O Eulampio estava acostumado a trabalhar com os antigos discos de 78 rotações por minuto, e foi nessa velocidade que ele colocou o LP que era de 33 rotações.

Foi uma baboseira danada.

Ainda bem que o Simonal encarou na esportiva, e todos acabaram rindo do ocorrido.

sexta-feira, 11 de dezembro de 2009

Grandes radialistas e suas grandes gafes - Algaci Tulio

0038 – ALGACI TÚLIO
Algaci Túlio (foto) saiu da rádio apressado para fazer a reportagem de um grande incêndio que ocorria num bairro de Curitiba. Ele ansiava por um furo de reportagem. Ia preocupado; será que havia vítimas? 

Chegando ao local, constatou que era o único repórter que ali estava. Ligou rapidamente o equipamento, chamou a rádio, entrou no ar e começou a narrar a ocorrência: 

– “Estamos frente a um incêndio de grandes proporções. É impressionante a altura das chamas… são enormes!"

-"A casa está sendo totalmente destruída, o que é profundamente lamentável. Felizmente não houve vítimas, segundo informação dos bombeiros… Mas, o que está acontecendo?… Eles estão retirando algo coberto de chamas. Parece um corpo! Ah! Que coisa triste, coitadinho. É um gatinho que retiraram de dentro da casa. Dá pena de ver! Ele virou uma verdadeira tocha humana!”.


Foi um furo e tanto.
 

sexta-feira, 11 de dezembro de 2009
Grandes radialistas e suas grandes gafes - Marcus Aurélio e o “Melhoral”

Marcus Aurélio de Castro foi duante anos comentarista esportivo da Radio Emissora Paranaense. O narrador era o Dácio Leonal. Jogavam Fer­roviário e Maringá. Depois de uma jogada, Marcus Aurélio interrompeu a transmissão para ler os textos comerciais e se equivocou:
– Dor de Cabeça 1 Melhoral 0
Dácio imediatamento gritou:
– Gol! Gol! Gol! Do Melhoral! Está empatada a partida...
fonte: Coluna do Luiz Alfredo Malucceli - Gazeta do Povo - 05/12/2009

sábado, 12 de dezembro de 2009
Grandes radialistas e suas grandes gafes - Wilson Branco
Festival do Radio de Londrina 

Época de ouro da Radiofonia paranaense com a Associação Paranaense de Rádio realizando grandes eventos.Dois aviões lotados levaram os radialistas curitibanos para a grande cidade do norte paranaense.

Sergio Fraga, presidente da nossa associação, coadjuvado por excelente equipe de dedicados colaboradores, organizara uma grande festa em que estavam presentes os nomes mais expressivos do rádio brasileiro.No auditório da Rádio Clube de Londrina, lotado, um desfile de grandes atrações. Anunciaram o cantor da Bedois Wilson Branco.

Sob os aplausos da platéia, Wilson foi ao microfone e atacou:

- “Distinta PRATÉIA, muito boa noite.
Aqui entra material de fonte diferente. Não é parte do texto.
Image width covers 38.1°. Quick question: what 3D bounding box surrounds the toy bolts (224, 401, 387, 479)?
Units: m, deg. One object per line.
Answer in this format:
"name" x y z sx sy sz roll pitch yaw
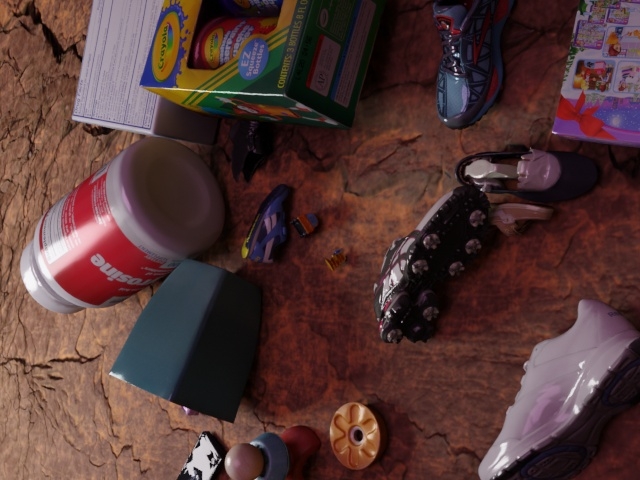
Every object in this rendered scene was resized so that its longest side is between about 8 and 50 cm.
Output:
"toy bolts" -0.030 0.338 1.401 0.228 0.158 0.218 17 96 43

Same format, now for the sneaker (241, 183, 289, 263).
"sneaker" -0.082 -0.027 1.575 0.144 0.059 0.053 -66 15 -5

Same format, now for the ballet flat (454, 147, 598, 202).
"ballet flat" 0.265 -0.089 1.239 0.203 0.074 0.074 7 89 43

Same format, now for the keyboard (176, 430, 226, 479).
"keyboard" -0.217 0.442 1.660 0.108 0.023 0.180 47 117 43

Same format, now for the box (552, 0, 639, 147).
"box" 0.427 -0.204 1.079 0.293 0.057 0.201 15 95 44

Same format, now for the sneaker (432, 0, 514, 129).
"sneaker" 0.191 -0.289 1.294 0.104 0.125 0.262 11 92 44

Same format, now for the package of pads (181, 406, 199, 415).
"package of pads" -0.227 0.271 1.682 0.050 0.032 0.083 45 114 40

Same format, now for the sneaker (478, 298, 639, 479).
"sneaker" 0.299 0.203 1.166 0.297 0.111 0.129 -53 37 20

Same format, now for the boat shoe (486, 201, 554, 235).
"boat shoe" 0.258 -0.028 1.256 0.135 0.050 0.045 1 89 53

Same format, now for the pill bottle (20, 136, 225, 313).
"pill bottle" -0.385 -0.009 1.731 0.407 0.229 0.229 -29 66 39

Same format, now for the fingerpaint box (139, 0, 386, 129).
"fingerpaint box" -0.074 -0.424 1.497 0.371 0.163 0.445 13 85 44

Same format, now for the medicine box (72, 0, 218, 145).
"medicine box" -0.320 -0.334 1.766 0.289 0.149 0.264 15 95 44

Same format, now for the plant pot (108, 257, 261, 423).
"plant pot" -0.208 0.162 1.580 0.165 0.165 0.234 15 78 39

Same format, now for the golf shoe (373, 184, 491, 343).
"golf shoe" 0.139 0.020 1.303 0.273 0.105 0.120 -64 33 31

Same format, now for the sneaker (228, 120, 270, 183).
"sneaker" -0.110 -0.185 1.620 0.170 0.051 0.089 -46 56 35

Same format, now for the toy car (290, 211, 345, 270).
"toy car" 0.000 0.000 1.514 0.040 0.060 0.122 -34 74 -14
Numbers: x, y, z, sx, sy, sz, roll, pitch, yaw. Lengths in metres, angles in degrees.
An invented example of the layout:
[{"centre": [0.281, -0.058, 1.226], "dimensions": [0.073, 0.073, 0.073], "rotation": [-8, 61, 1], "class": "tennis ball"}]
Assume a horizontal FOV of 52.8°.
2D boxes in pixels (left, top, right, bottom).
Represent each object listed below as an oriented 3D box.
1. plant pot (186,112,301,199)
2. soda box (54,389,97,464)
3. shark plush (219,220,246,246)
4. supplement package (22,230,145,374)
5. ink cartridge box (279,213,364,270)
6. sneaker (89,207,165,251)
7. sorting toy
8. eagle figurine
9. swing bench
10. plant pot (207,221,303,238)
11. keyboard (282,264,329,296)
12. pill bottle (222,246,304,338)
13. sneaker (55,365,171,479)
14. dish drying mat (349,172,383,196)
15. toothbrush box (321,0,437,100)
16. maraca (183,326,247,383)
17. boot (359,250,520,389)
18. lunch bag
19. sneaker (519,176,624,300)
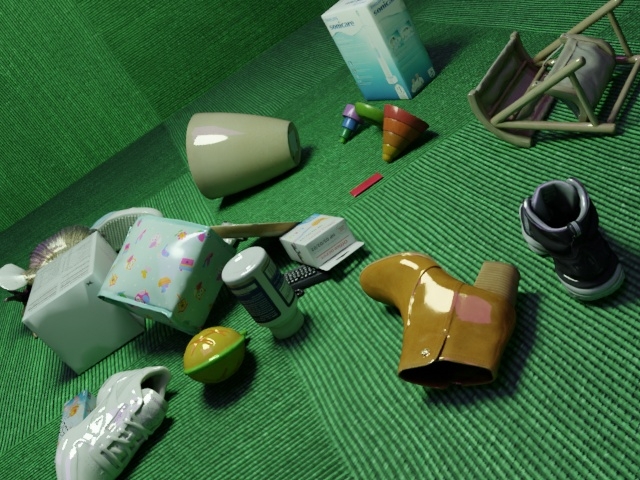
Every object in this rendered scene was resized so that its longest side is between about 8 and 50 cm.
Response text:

Cantarei, do FIRME “SUPRÍCIO de uma saudade” que está fazendo grande sucesso em Curitiba, a composição “É tão SUBRIME o amor”.
(Ele foi muito apRaudido)

domingo, 13 de dezembro de 2009
Grandes radialistas e suas grandes gafes - Lóris de Souza
0035 – LÓRIS DE SOUZA

Um dos grandes locutores da Bedois, nos velhos tempos, foi Lóris de Souza, irmão de Arthur de Souza(foto ao lado).

Inteligentíssimo, exímio violonista, o Lóris formou-se engenheiro e deixou o rádio.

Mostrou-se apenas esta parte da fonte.